Empezó su vida política muy joven, desde los 15 años, y cuando tenía 28 ya era la congresista con la mayor votación del Atlántico. En esa región se volvió una líder barrial del llamado clan Gerlein, uno de los más poderosos de Colombia.

Según la periodista Laura Ardila, citada por CM&, este clan político se volvió muy famoso en el Caribe porque crearon el famoso TLC (tejas, ladrillos y cemento), que entregan en esa región a cambio de votos.
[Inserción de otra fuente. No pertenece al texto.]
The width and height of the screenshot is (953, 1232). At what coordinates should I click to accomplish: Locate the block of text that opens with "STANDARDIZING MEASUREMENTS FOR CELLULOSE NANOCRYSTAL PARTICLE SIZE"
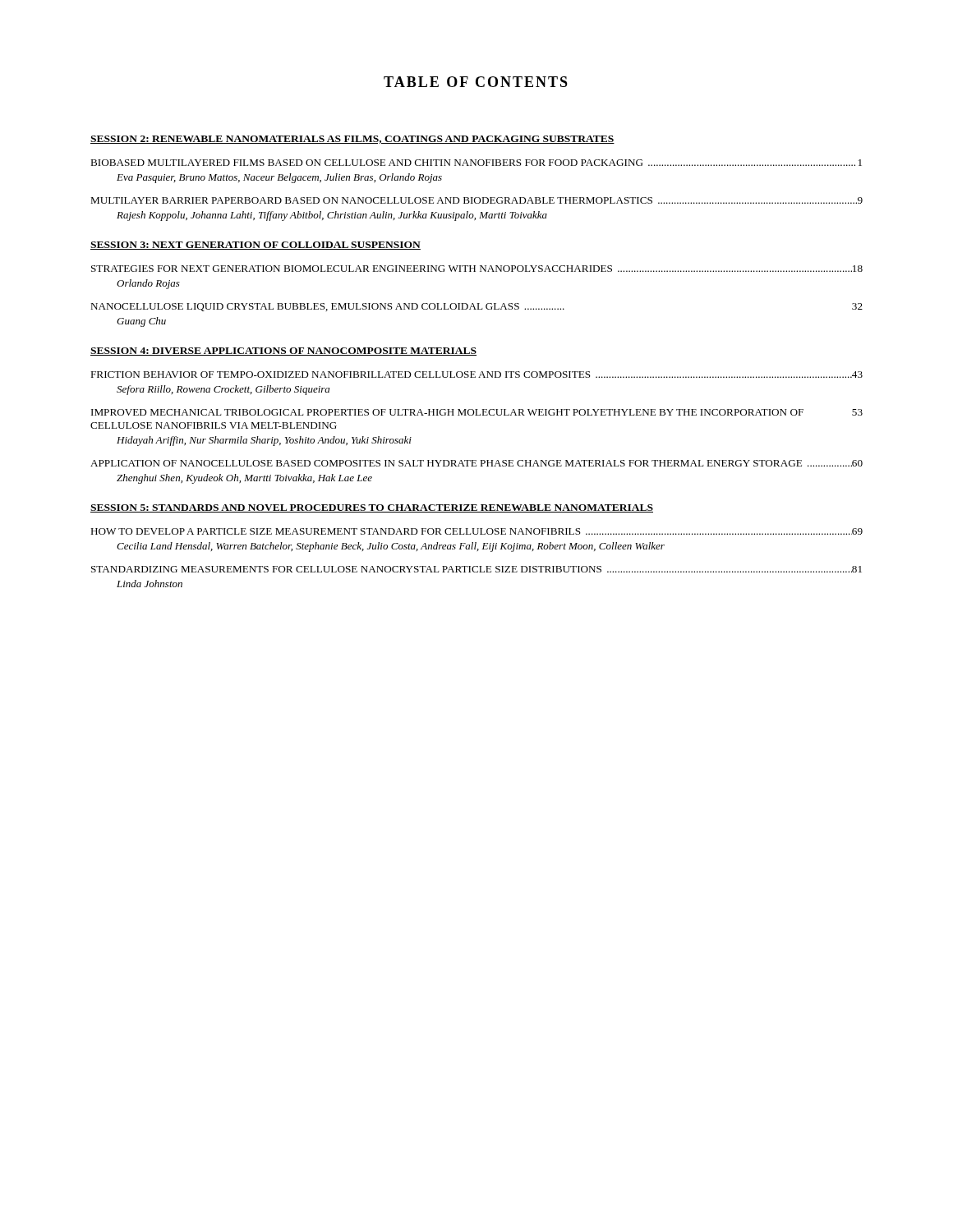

Sobre su vida personal y amorosa, ese mismo medio asegura que Aída Merlano era muy ambiciosa y tenía muchas ansias de poder. Además, asegura que el primer matrimonio de la excongresista fue con un taxista; y luego se casó con un desmovilizado del Epl.

“Es ahí donde empieza a sentir el poder político de Julio Gerlein. Seductora y bailarina por excelencia, Aída va conquistando corazones y cambiando su estrato económico”, describe CM&.

Ardila, por su parte, asegura que la excongresista tuvo una relación personal afectiva y pública con el empresario Julio Gerlein, considerado uno de los grandes contratistas de Colombia. “Aída Merlano subió como palma y bajó como coco”, concluye Laura Ardila.

El Tiempo, por su parte, recuerda que, en uno de sus testimonios, Merlano dijo que Gerlein era quien manejaba su sede de campaña y sabía todo lo que ocurría con la compra de votos.

“Esa sede, según el fallo de la Corte, funcionaba una empresa criminal cuya finalidad era obtener la compra de votos para las pasadas elecciones en las que Merlano quedó elegida como senadora”, describe El Tiempo.